BLORA, Harianmuria.com – Salah satu keluarga korban jatuhnya lift crane pada proyek pembangunan RS PKU Muhammadiyah Blora mengungkapkan kebingungan untuk membiayai pendidikan dua anaknya.
Listiana, istri Sumar pekerja yang luka parah dalam insiden tersebut, mengaku bingung terhadap bagaimana kelangsungan pendidikan kedua anaknya ke depan.
“Anak saya ada dua, satu mondok di Pesantren Khozinatul ‘Ulum Blora dan yang satu lagi ini masih kelas enam (SD) dan mau lulus.
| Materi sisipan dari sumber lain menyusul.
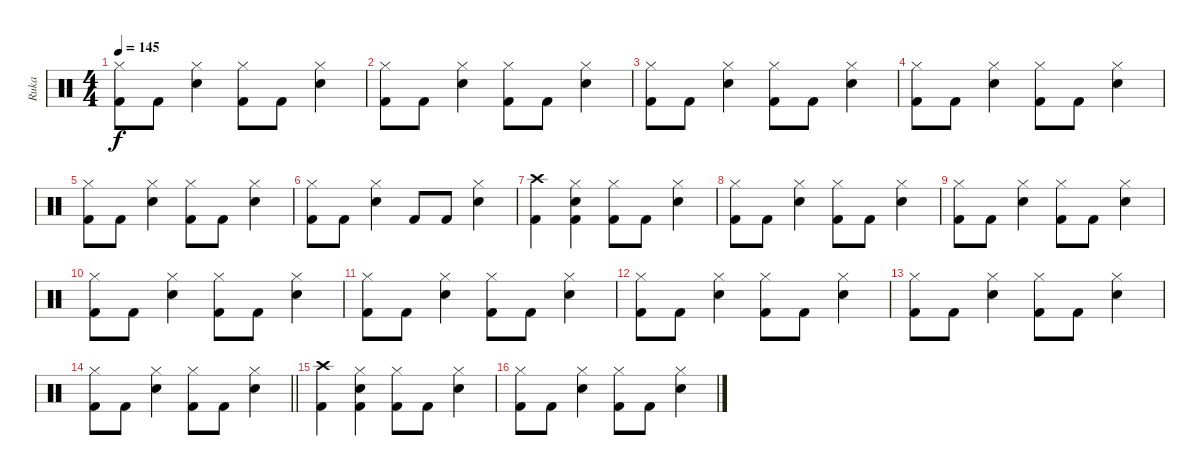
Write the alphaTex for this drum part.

\track ("Ruka" "Ruka") {instrument percussion}
\staff {score}
\articulation defaults
\ts (4 4)
\tempo 145
\clef neutral
\ks c
("Hi-Hat (closed)" "Kick (hit) 2").8{dy f} "Kick (hit) 2".8 ("Hi-Hat (closed)" "Electric Snare (hit)").4 ("Hi-Hat (closed)" "Kick (hit) 2").8 "Kick (hit) 2".8 ("Hi-Hat (closed)" "Electric Snare (hit)").4 |
("Hi-Hat (closed)" "Kick (hit) 2").8 "Kick (hit) 2".8 ("Hi-Hat (closed)" "Electric Snare (hit)").4 ("Hi-Hat (closed)" "Kick (hit) 2").8 "Kick (hit) 2".8 ("Hi-Hat (closed)" "Electric Snare (hit)").4 |
("Hi-Hat (closed)" "Kick (hit) 2").8 "Kick (hit) 2".8 ("Hi-Hat (closed)" "Electric Snare (hit)").4 ("Hi-Hat (closed)" "Kick (hit) 2").8 "Kick (hit) 2".8 ("Hi-Hat (closed)" "Electric Snare (hit)").4 |
("Hi-Hat (closed)" "Kick (hit) 2").8 "Kick (hit) 2".8 ("Hi-Hat (closed)" "Electric Snare (hit)").4 ("Hi-Hat (closed)" "Kick (hit) 2").8 "Kick (hit) 2".8 ("Hi-Hat (closed)" "Electric Snare (hit)").4 |
("Hi-Hat (closed)" "Kick (hit) 2").8 "Kick (hit) 2".8 ("Hi-Hat (closed)" "Electric Snare (hit)").4 ("Hi-Hat (closed)" "Kick (hit) 2").8 "Kick (hit) 2".8 ("Hi-Hat (closed)" "Electric Snare (hit)").4 |
("Hi-Hat (closed)" "Kick (hit) 2").8 "Kick (hit) 2".8 ("Hi-Hat (closed)" "Electric Snare (hit)").4 "Kick (hit) 2".8 "Kick (hit) 2".8 ("Hi-Hat (closed)" "Electric Snare (hit)").4 |
("Crash high (hit)" "Kick (hit) 2").4 ("Hi-Hat (closed)" "Electric Snare (hit)" "Kick (hit) 2").4 ("Hi-Hat (closed)" "Kick (hit) 2").8 "Kick (hit) 2".8 ("Hi-Hat (closed)" "Electric Snare (hit)").4 |
("Hi-Hat (closed)" "Kick (hit) 2").8 "Kick (hit) 2".8 ("Hi-Hat (closed)" "Electric Snare (hit)").4 ("Hi-Hat (closed)" "Kick (hit) 2").8 "Kick (hit) 2".8 ("Hi-Hat (closed)" "Electric Snare (hit)").4 |
("Hi-Hat (closed)" "Kick (hit) 2").8 "Kick (hit) 2".8 ("Hi-Hat (closed)" "Electric Snare (hit)").4 ("Hi-Hat (closed)" "Kick (hit) 2").8 "Kick (hit) 2".8 ("Hi-Hat (closed)" "Electric Snare (hit)").4 |
("Hi-Hat (closed)" "Kick (hit) 2").8 "Kick (hit) 2".8 ("Hi-Hat (closed)" "Electric Snare (hit)").4 ("Hi-Hat (closed)" "Kick (hit) 2").8 "Kick (hit) 2".8 ("Hi-Hat (closed)" "Electric Snare (hit)").4 |
("Hi-Hat (closed)" "Kick (hit) 2").8 "Kick (hit) 2".8 ("Hi-Hat (closed)" "Electric Snare (hit)").4 ("Hi-Hat (closed)" "Kick (hit) 2").8 "Kick (hit) 2".8 ("Hi-Hat (closed)" "Electric Snare (hit)").4 |
("Hi-Hat (closed)" "Kick (hit) 2").8 "Kick (hit) 2".8 ("Hi-Hat (closed)" "Electric Snare (hit)").4 ("Hi-Hat (closed)" "Kick (hit) 2").8 "Kick (hit) 2".8 ("Hi-Hat (closed)" "Electric Snare (hit)").4 |
("Hi-Hat (closed)" "Kick (hit) 2").8 "Kick (hit) 2".8 ("Hi-Hat (closed)" "Electric Snare (hit)").4 ("Hi-Hat (closed)" "Kick (hit) 2").8 "Kick (hit) 2".8 ("Hi-Hat (closed)" "Electric Snare (hit)").4 |
\barLineRight lightlight
("Hi-Hat (closed)" "Kick (hit) 2").8 "Kick (hit) 2".8 ("Hi-Hat (closed)" "Electric Snare (hit)").4 ("Hi-Hat (closed)" "Kick (hit) 2").8 "Kick (hit) 2".8 ("Hi-Hat (closed)" "Electric Snare (hit)").4 |
("Crash high (hit)" "Kick (hit) 2").4 ("Hi-Hat (closed)" "Electric Snare (hit)" "Kick (hit) 2").4 ("Hi-Hat (closed)" "Kick (hit) 2").8 "Kick (hit) 2".8 ("Hi-Hat (closed)" "Electric Snare (hit)").4 |
("Hi-Hat (closed)" "Kick (hit) 2").8 "Kick (hit) 2".8 ("Hi-Hat (closed)" "Electric Snare (hit)").4 ("Hi-Hat (closed)" "Kick (hit) 2").8 "Kick (hit) 2".8 ("Hi-Hat (closed)" "Electric Snare (hit)").4

Saya bingung untuk biaya pendidikan mereka,” ungkap Listiana saat ditemui di kediamannya di Desa Purworejo, Kecamatan Blora, Senin (17/3/2025).
Ia menuturkan, luka yang diderita Sumar akibat kecelakaan itu sangat parah, sehingga ia khawatir hal itu akan mengancam masa depan kedua anak yang membutuhkan biaya untuk melanjutkan pendidikan.
“(Sumar) Mangke nak mboten saget merdamel, sekolahe larene kula pripun? (Nanti kalau tidak bisa bekerja, sekolah anak saya bagaimana?),” keluh Listiana.
“Uang saku sekolah, bayar sekolah, bayar pondok (pesantren), saking pundi (dari mana). Kan mboten gadhah kula (kan saya tidak punya),” sambungnya.
Hingga saat ini, Listiana belum menerima tebusan untuk beasiswa terhadap nasib pendidikan anaknya, baik dari pihak Muhammadiyah maupun Pemerintah Kabupaten Blora hingga tingkat desa. Sementara untuk upah atau ganti rugi yang ia terima hanya berlangsung hingga proyek tersebut selesai.
“Setiap minggu masih dapat upah mingguan. Setiap minggu dapatnya Rp520 ribu. Jadi seharinya sekitar Rp85 ribu,” katanya.
Kalau proyek selesai, sambung Listiana, dirinya tidak tahu bagaimana membiayai pendidikan kedua anaknya. Sementara Sumar mengalami luka patah tulang yang serius, di bagian tulang kaki, tulang belakang hingga tulang rusuk. Hal itu tidak memungkinkan suaminya untuk segera bekerja kembali mengingat masa penyembuhan yang lama.
“Kemarin baru saja bayar biaya pendidikan di pondok pasantren. Bulan kemarin bayar sekitar Rp700 ribuan, sudah saya lunasi sendiri. Nanti ke depannya tidak tahu, karena saya sudah tidak punya uang),” terangnya.
Saat ini, Listiana mengaku kelimpungan karena tidak dapat kembali bekerja. Sebelumnya, ia membantu ekonomi keluarga dengan menjadi buruh tani, mencuci, dan menyetrika baju di tempat orang.
“Penghasilan utama dari bapak, saya hanya membantu. Saya sekarang tidak dapat bekerja, karena saya fokus pemulihan kesehatan bapaknya anak-anak,” tuturnya.
Listiana juga mengungkapkan nominal uang bantuan yang telah ia terima dari beberapa pihak. Di antaranya setelah insiden kecelakaan berupa uang makan Rp1 juta, saat perawatan di Solo Rp3 juta, dari Baznas Rp1 juta, dan dari PKU Rp2 juta.
“Kalau sesuai akad untuk tali asih untuk kecelakaan itu, tidak pernah ada. Setahu saya yang Rp3 juta di Solo itu untuk biaya kehidupan di Solo,” katanya.
“Bupati ya tidak ada ke sini (memberi bantuan),” tambah Listiana.